このセクションの概要: 私が開発しているAI投資ツールKabuScanで、LLMを使用した長時間の処理を実装したかった。通常Next.jsのサーバーでの処理では、実現できなく、AWS Batchを利用することを検討した

KabuScanについて

  • KabuScanって?: KabuScanは私が開発するAI投資分析サービスのことです。

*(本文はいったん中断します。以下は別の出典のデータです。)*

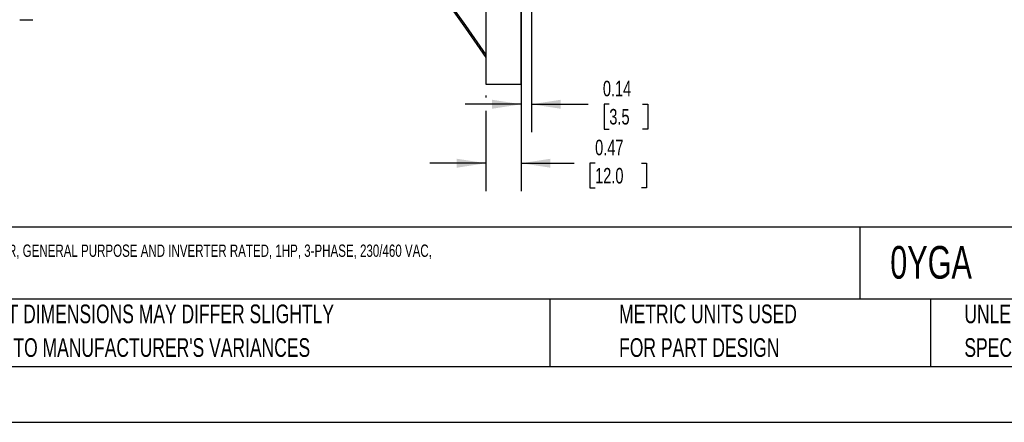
# Model space of a CAD drawing. Header units: inches. Extents: x 0 to 33, y 0 to 25.5.
# Tile 2 of 11: x 7.2 to 20.3, y 0 to 5.4. Entities that reach past the tile are written whole.
import ezdxf

# ---------------------------------------------------------------- set-up
doc = ezdxf.new("R2010")
doc.units = ezdxf.units.IN
doc.header["$LTSCALE"] = 3
doc.header["$MEASUREMENT"] = 0
doc.linetypes.add('CENTERX2', pattern=[0.8, 0.5, -0.1, 0.1, -0.1])
doc.layers.add('DIMENSIONS', color=140, linetype='Continuous', lineweight=25)
doc.layers.add('TEXT', color=140, linetype='Continuous', lineweight=25)
doc.styles.add('SLDTEXTSTYLE0', font='TXT', dxfattribs={"width": 0.7})
doc.dimstyles.new('SLDDIMSTYLE2', dxfattribs={"dimtxt": 0.208333, "dimasz": 0.39, "dimexe": 0, "dimexo": 0.0625, "dimgap": 0.052083, "dimtad": 0, "dimtih": 1, "dimtoh": 1, "dimrnd": 1e-09, "dimdsep": 46, "dimtxsty": 'SLDTEXTSTYLE0', "dimsah": 1, "dimcen": 0.09, "dimadec": 0, "dimazin": 2, "dimtfac": 1, "dimtmove": 0, "dimatfit": 0, "dimfxl": 0, "dimfrac": 2, "dimtolj": 1, "dimtzin": 12, "dimarcsym": 0})

# ---------------------------------------------------------------- blocks, each defined once
blk = doc.blocks.new('SW_NOTE_0_1')
at = {"layer": 'TEXT', "color": 0, "linetype": 'CENTERX2', "lineweight": 18, "char_height": 0.165, "attachment_point": 1, "style": 'SLDTEXTSTYLE0'}
for s, insert in [('M.G.M. ELECTRIC MOTORS SMX IE3 PREMIUM EFFICIENCY AC INDUCTION MOTOR, GENERAL PURPOSE AND INVERTER RATED, 1HP, 3-PHASE, 230/460 VAC,', (0, 0.213)), ('1800RPM, TEFC, IEC 80 FRAME, ALUMINUM, D-FLANGE (B5) MOUNT', (0, -0.132))]:
    blk.add_mtext(s, dxfattribs=dict(at, insert=insert))
blk = doc.blocks.new('SW_NOTE_0_3')
at = {"layer": 'TEXT', "color": 0, "linetype": 'CENTERX2', "lineweight": 18, "char_height": 0.25, "attachment_point": 1, "style": 'SLDTEXTSTYLE0'}
for s, insert in [('UNLESS OTHERWISE', (0, 0.322)), ('SPECIFIED UNITS ARE:', (0, -0.129))]:
    blk.add_mtext(s, dxfattribs=dict(at, insert=insert))
blk = doc.blocks.new('SW_NOTE_0_4')
at = {"layer": 'TEXT', "color": 0, "linetype": 'CENTERX2', "lineweight": 18, "char_height": 0.25, "attachment_point": 1, "style": 'SLDTEXTSTYLE0'}
for s, insert in [('PART DIMENSIONS MAY DIFFER SLIGHTLY', (0, 0.322)), ("DUE TO MANUFACTURER'S VARIANCES", (0, -0.129))]:
    blk.add_mtext(s, dxfattribs=dict(at, insert=insert))
blk = doc.blocks.new('SW_NOTE_0_7')
at = {"layer": 'TEXT', "color": 0, "linetype": 'CENTERX2', "lineweight": 18, "char_height": 0.25, "attachment_point": 1, "style": 'SLDTEXTSTYLE0'}
for s, insert in [('METRIC UNITS USED', (0, 0.322)), ('FOR PART DESIGN', (0, -0.129))]:
    blk.add_mtext(s, dxfattribs=dict(at, insert=insert))
blk = doc.blocks.new('_D_2')
at = {"layer": 'DIMENSIONS'}
for p, q in [((13.866, 5.756), (13.866, 3.886)), ((14.003, 5.756), (14.003, 3.886)), ((13.866, 4.261), (13.116, 4.261)), ((14.003, 4.261), (14.762, 4.261)), ((15.044, 4.26), (14.974, 4.26)), ((14.974, 4.26), (14.974, 3.929)), ((15.49, 4.26), (15.56, 4.26)), ((15.56, 4.26), (15.56, 3.929)), ((14.974, 3.929), (15.044, 3.929)), ((15.56, 3.929), (15.49, 3.929))]:
    blk.add_line(p, q, dxfattribs=at)
for points in [[(13.866, 4.261), (13.476, 4.321), (13.476, 4.201)], [(14.003, 4.261), (14.393, 4.201), (14.393, 4.321)]]:
    blk.add_solid(points, dxfattribs=at)
at = {"layer": 'DIMENSIONS', "char_height": 0.2083, "attachment_point": 1, "style": 'SLDTEXTSTYLE0'}
for s, insert in [('0.14', (14.958, 4.576)), ('3.5', (15.044, 4.198))]:
    blk.add_mtext(s, dxfattribs=dict(at, insert=insert))
blk = doc.blocks.new('_D_3')
at = {"layer": 'DIMENSIONS'}
for p, q in [((13.393, 4.378), (13.393, 4.351)), ((13.866, 4.378), (13.866, 3.096)), ((13.393, 4.171), (13.393, 3.096)), ((13.393, 3.471), (12.643, 3.471)), ((13.866, 3.471), (14.572, 3.471)), ((14.854, 3.471), (14.784, 3.471)), ((14.784, 3.471), (14.784, 3.14)), ((15.473, 3.471), (15.543, 3.471)), ((15.543, 3.471), (15.543, 3.14)), ((14.784, 3.14), (14.854, 3.14)), ((15.543, 3.14), (15.473, 3.14))]:
    blk.add_line(p, q, dxfattribs=at)
for points in [[(13.393, 3.471), (13.003, 3.531), (13.003, 3.411)], [(13.866, 3.471), (14.256, 3.411), (14.256, 3.531)]]:
    blk.add_solid(points, dxfattribs=at)
at = {"layer": 'DIMENSIONS', "char_height": 0.2083, "attachment_point": 1, "style": 'SLDTEXTSTYLE0'}
for s, insert in [('0.47', (14.854, 3.786)), ('12.0', (14.854, 3.408))]:
    blk.add_mtext(s, dxfattribs=dict(at, insert=insert))

msp = doc.modelspace()

# ---------------------------------------------------------------- linework, layer by layer
for p, q in [((13.393, 8.465), (13.393, 4.528)), ((13.866, 4.528), (13.866, 8.465)), ((7.153, 5.394), (7.33, 5.394)), ((13.393, 4.528), (13.866, 4.528))]:
    msp.add_line(p, q)
at = {"color": 7, "linetype": 'Continuous'}
msp.add_line((33, 0), (0, 0), dxfattribs=at)
at = {"flags": 128}
for points in [[(12.625, 6.012), (12.784, 5.787), (13.118, 5.314), (13.393, 4.924)], [(12.625, 5.976), (12.784, 5.752), (13.118, 5.278), (13.393, 4.888)]]:
    msp.add_lwpolyline(points, dxfattribs=at)
at = {"layer": 'TEXT'}
for p, q in [((32.25, 2.613), (0.75, 2.613)), ((18.397, 2.613), (18.397, 1.65)), ((32.25, 1.65), (0.75, 1.65)), ((14.25, 1.65), (14.25, 0.75)), ((19.344, 1.65), (19.344, 0.75)), ((0.75, 0.75), (32.25, 0.75))]:
    msp.add_line(p, q, dxfattribs=at)

# ---------------------------------------------------------------- block references
at = {"layer": 'TEXT', "linetype": 'CENTERX2', "lineweight": 18}
for name, p in [('SW_NOTE_0_1', (0.912, 2.169)), ('SW_NOTE_0_4', (6.51, 1.256)), ('SW_NOTE_0_7', (15.175, 1.256)), ('SW_NOTE_0_3', (19.796, 1.256))]:
    msp.add_blockref(name, p, dxfattribs=at)

# ---------------------------------------------------------------- texts
at = {"layer": 'TEXT', "linetype": 'CENTERX2', "lineweight": 18, "insert": (18.804, 2.362), "char_height": 0.4375, "attachment_point": 1, "style": 'SLDTEXTSTYLE0'}
msp.add_mtext('0YGA', dxfattribs=at)

# ---------------------------------------------------------------- dimensions: what is measured, and where the dimension line sits
at = {"layer": 'DIMENSIONS'}
for base, p1, p2, picture, middle in [((14.003, 4.261), (13.866, 5.906), (14.003, 5.906), '_D_2', (15.267, 4.261)), ((13.866, 3.471), (13.393, 4.528), (13.866, 4.528), '_D_3', (15.164, 3.471))]:
    dim = msp.add_linear_dim(base=base, p1=p1, p2=p2, dimstyle='SLDDIMSTYLE2', dxfattribs=at)
    dim.commit()
    dim.dimension.update_dxf_attribs({"geometry": picture, "text_midpoint": middle, "dimtype": 160})

doc.saveas('drawing.dxf')

  • どんな機能があるのか: KabuScanの主な機能は以下のとおりです。

    • AIスクリーニング: AIが自動で日系企業の全銘柄の分析を行なってくれます
    • AIファンダメンタルズ分析: AIが企業ごとに財務安定性や成長性を分析してくれます
    • チャート分析: 基本的なチャートの分析手法がまるっと使えます

今回追加したかった機能について

  • 決算短信から数値を抽出する処理: 決算短信から、売上高、営業利益、経常利益といった企業の経営成績に関連する数値を抽出する機能を実装したかった
  • 課題となった点: pdfのような非構造データは、LLMを利用した実装が最適であると判断し、OpenAIのAPIを利用して実装を行なった。しかし、後述するNext.jsのセッションの問題で、そのままapiとしてサーバーを立ち上げるだけでは不十分であった。

簡単な初期実装の紹介

  • コードのスケッチ
  • 説明
    上記コードのように、next.jsのfetchを利用して、apiを呼び出し、同一サーバー内で、route.ts以下でLLMを呼び出す処理を実装していました。

Next.jsでのセッションの問題

  • 1.セッション切れ: Next.jsではブラウザとサーバー間のセッションが切れてしまうと、動いているプロセスも終了してしまうっぽいです。そのため、たとえばPCがスリープモードになるなどするだけで、長めの処理は中断してしまいます。今回のLLMを使った実装はまさに長めの処理時間を必要とするため、ナイーブな実装では上記の問題がクリティカルでした。
  • 2.Amplifyのtimeout: また、Amplifyでデプロイをする場合、AWS Lambdaの最大timeoutが15分であることから、そもそも15分を超える処理もできない状況でした。
  • 3.Load Balancer: さらにさらに、ALBなどを配置すると5分以上セッションを保てないなどもあるらしく、インフラ周りの制約も今回の実装とは不向きでした。

ChatGPTに聞いてみた

  • ChatGPT: 今更解説は不要ですね!みんな大好きChatGPTです!今回は推論モデルの中でも最強格のChatGpt o3を使いました。
  • o3の回答
ChatGPTとの会話。Next.jsでのセッション問題と解決策を質問。
ChatGPTに質問した時の画面
ChatGPTの回答部分。最後のまとめの画像
ChatGPTからの回答
  • AWS Batch: とりあえずAWS Batchを使ったらバッチ処理ができそう。バッチ処理ならjobとしてサービスから切り離せるからセッション問題も確かに解決できそう!しかも安くできるらしい!と思っていました。。。
  • o3にAWS Batchの安価な実行について聞いてみた:
ChatGPTにAWS BatchのFargateで料金がどの程度かかるか聞いてみた画像
ChatGPT曰く、利用時の課金のみがAWS BatchのFargateだとなされる
  • AWS BatchのFagateは実行時課金らしい: ChatGPT曰くBatch処理で使うだけのvcpuやメモリが課金対象とのこと。つまり月一回の実行程度なら大した額にはならないっぽい!!
  • 表にするとこんな感じでしょうか
使用サービス長時間処理料金
Amplifyx[15分まで]⚪︎
EC2△[セッションが切れたら終了]⚪︎
Batch⚪︎⚪︎[gpt曰く]

早速実装してみた

  • バッチ処理の実装はこんな感じ
  • 実行もうまくいった!セッション問題も解決した!: 全てが完璧にうまくいっています。
  • KabuScan上ではこんな感じになった
KabuScan上で、決算短信の数値抽出を行なったページの画像
KabuScanでの画面

めちゃくちゃ良い感じ!!

1ヶ月後

  • 何気なくAWSのコンソールを見ていると
AWSの料金コンソール画面
なんか、めっちゃ課金されてないか。。。
  • 請求料金: なんと170ドル!日本円にして24,504円!もちろん、route53などの料金もありますので、一時的な額も含まれていますが、Batch導入前後で毎日3〜6ドル課金が上乗せされていますので、結構な額だなという印象です。
ChatGPTに騙されて170ドルAWSに課金した末路の画像
170ドル課金してました涙
  • 全然スポット料金ではなかった: 普通にアイドル時間も課金されてますよねこれ

終わりに

今回は、実際に私がChatGPTに言われたままに何も考えずに、AWS Batchを導入したら、全然安くなかったという話。ただサーバー上で長時間処理をするわけにもいかないので、泣く泣く導入を続けています。今回こういった経験を通して、やはり1時情報に目を通すのは大切であると、ひしひしと感じました。